Social media blurs the distinction between opinion and expertise. If individuals believe
they are sovereign and that their ego is the supreme value, they will sooner or later also
come to believe that their opinion is good as anyone’s opinion and the inconvenient fact
that not all opinions are created equal becomes politically incorrect. Then any
disagreement however mild with any opinion by governments generates resentment and
resistance. Yet the fundamental role of any government is to mediate between different
views for the common good. Modern communications technologies accentuate this
dynamic by conflating the idea of the ‘public’ with the views of individuals or small
groups and providing the means for disseminating them widely and directly.

We cannot go back to legitimation by bloodline or the mandate of heaven. We cannot


abandon technology. But how and whether we can cope are still open questions. The
syndrome is most acute in the highly developed countries who eccentrically consider it a
virtue. But no country, including our own, is entirely spared, although ours is as yet only
a very mild case of this global disease.

I do not know when the dénouement will come or what form it will take. But come it must.
This is not a stable equilibrium. It cannot hold.

The problem is exacerbated by flux in the structures and processes of international


politics. The geopolitical order of the last two centuries is gradually but inexorably being
displaced. But the rising new powers provide no real intellectual alternative. They are
rising precisely because they were the best pupils of the old order. The new powers
validate themselves by their own versions of the same political philosophy – fascism and
communism share the same intellectual roots as democracy – and so today struggle with
their own versions of the same ills of governance.

It is unclear what the future will bring. One may darkly speculate whether the
technologies that were the fruits of our ingenuity have outpaced the capacity of our
current political and social institutions to deal with them. One can of course always hope
that human ingenuity will eventually cope with what our ingenuity has wrought. But hope
is only just that: a hope which may well prove forlorn. At very least the interregnum
between the current order and whatever will come after will be prolonged, measured in
decades and characterized by recurrent crises.

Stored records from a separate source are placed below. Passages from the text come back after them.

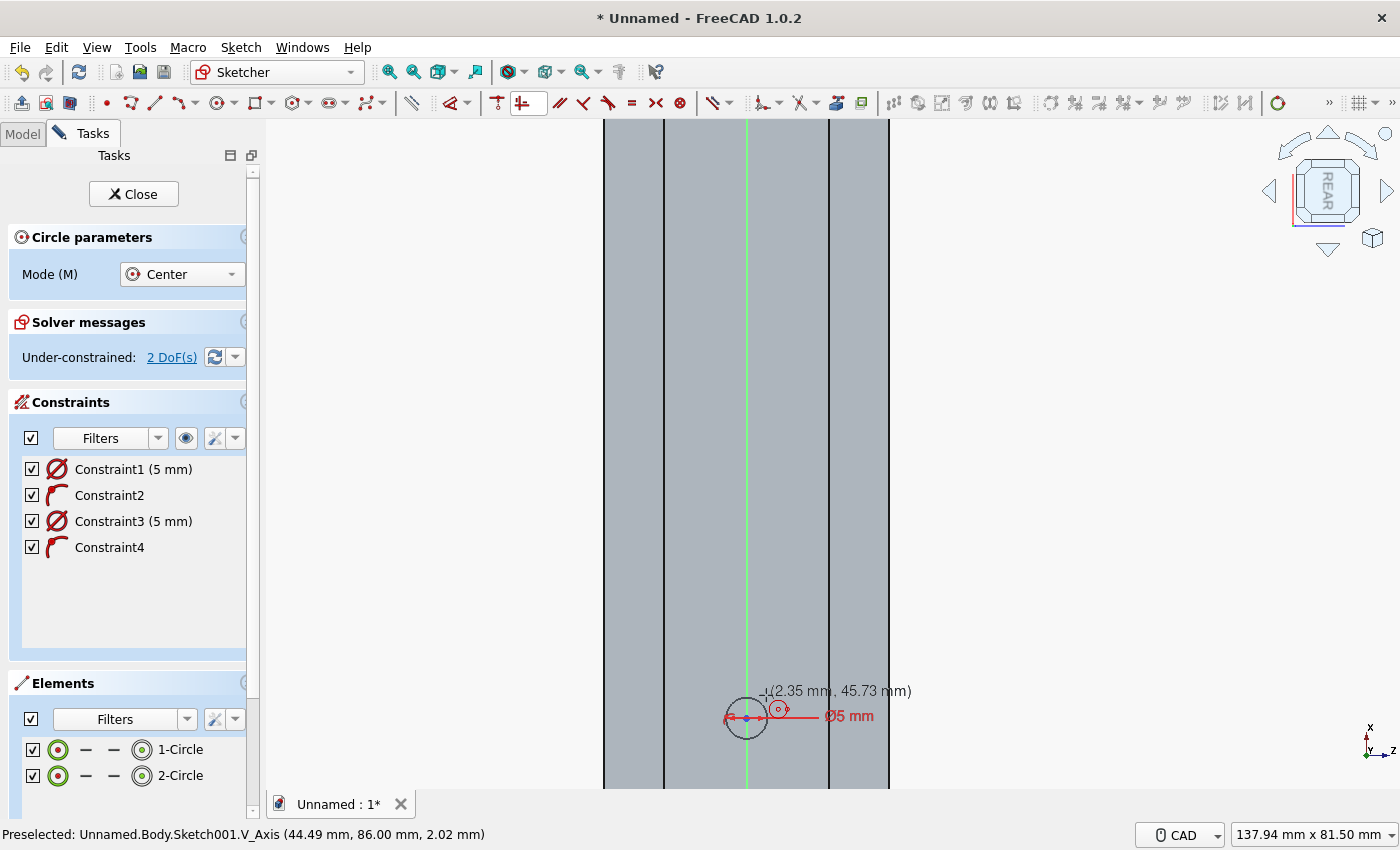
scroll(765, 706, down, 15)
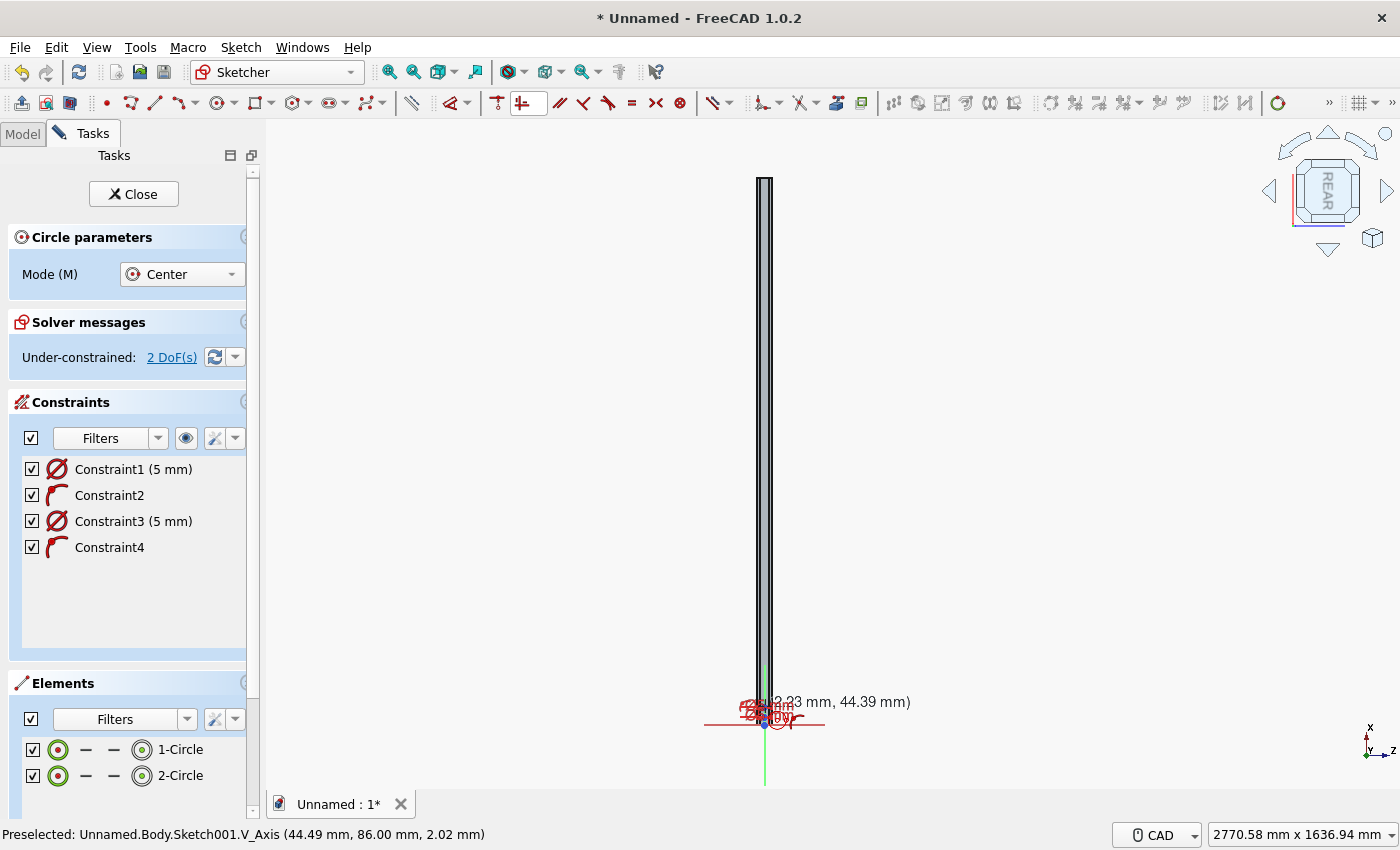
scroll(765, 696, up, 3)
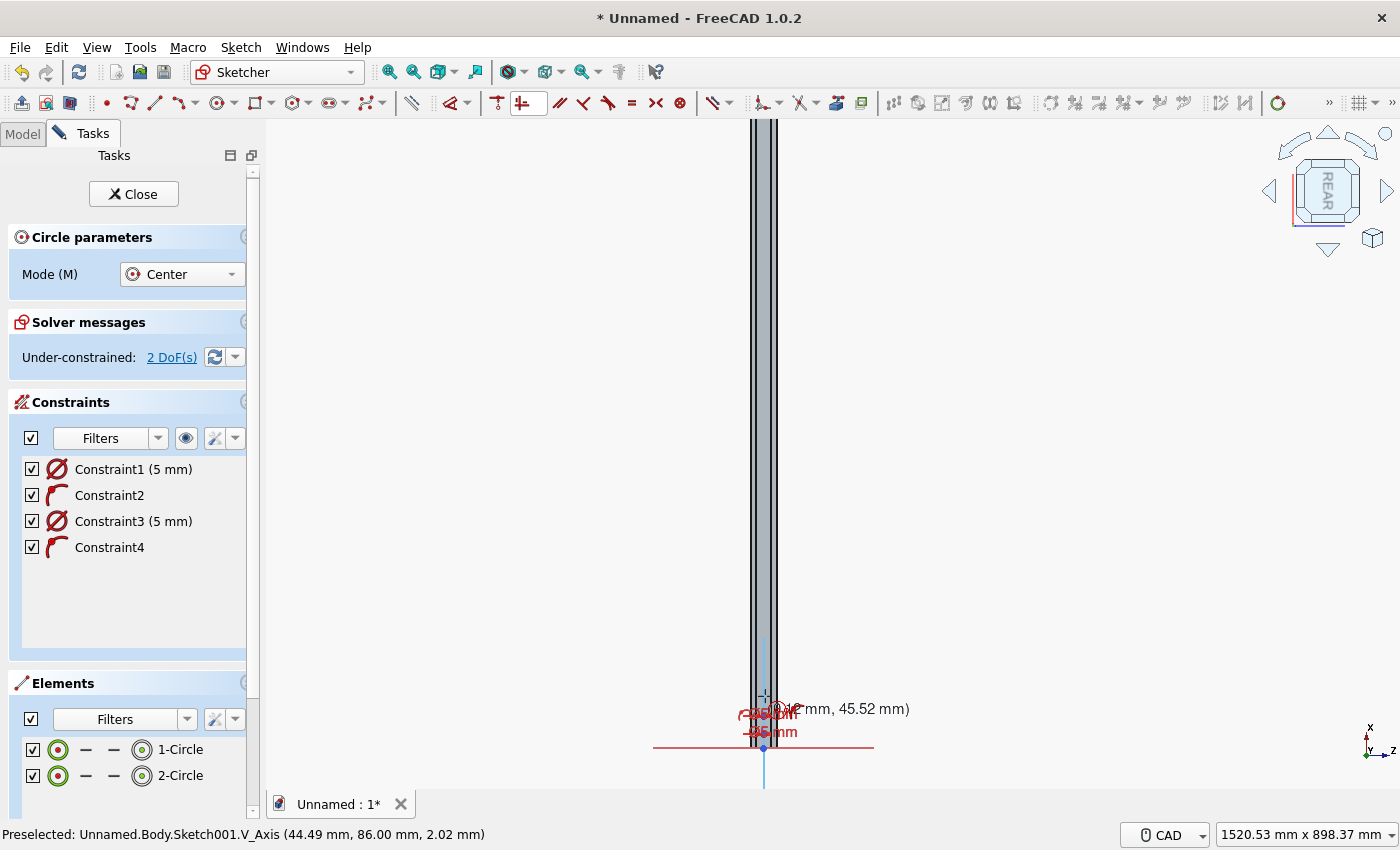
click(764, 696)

As you go forward into this uncertain future, console yourself with the thought that if
anything is possible, then too nothing is impossible. Isaiah Berlin famously made a
distinction between the fox and the hedgehog: “The fox knows many things, but the
hedgehog knows one big thing”. Be a fox not a hedgehog because that one big thing the
hedgehog thinks it knows may well be wrong. Intellectual consistency for its own sake is
foolish. And remember too that the world is infested with hedgehogs masquerading as
foxes. These mimics are particularly thick on the ground in universities and in some
sections of the civil service.

Face uncertainty with a stoic and pragmatic scepticism rather than with false optimism. I
said scepticism and not cynicism. False optimism lulls us into complacency. Scepticism
keeps us alert to the multiple possibilities that are inherent in any situation. Pragmatism
because the world will not arrange itself to suit our convenience. And stoicism because
despite our best efforts, we may be entrapped by the snares of fate or chance and fail.
But cynicism is corrosive and blinding. To confront uncertainty with cynicism is to
handicap ourselves in the game of life and almost certainly to doom ourselves to failure.

I do not expect you to believe me. Youth is always sceptical of the scepticism of
experience until it has acquired enough of its own. And of course, if you have paid even
minimal attention to my ramblings, there is always the possibility that I am mistaken and
have been talking arrant rubbish. For your sakes, I do most sincerely hope so.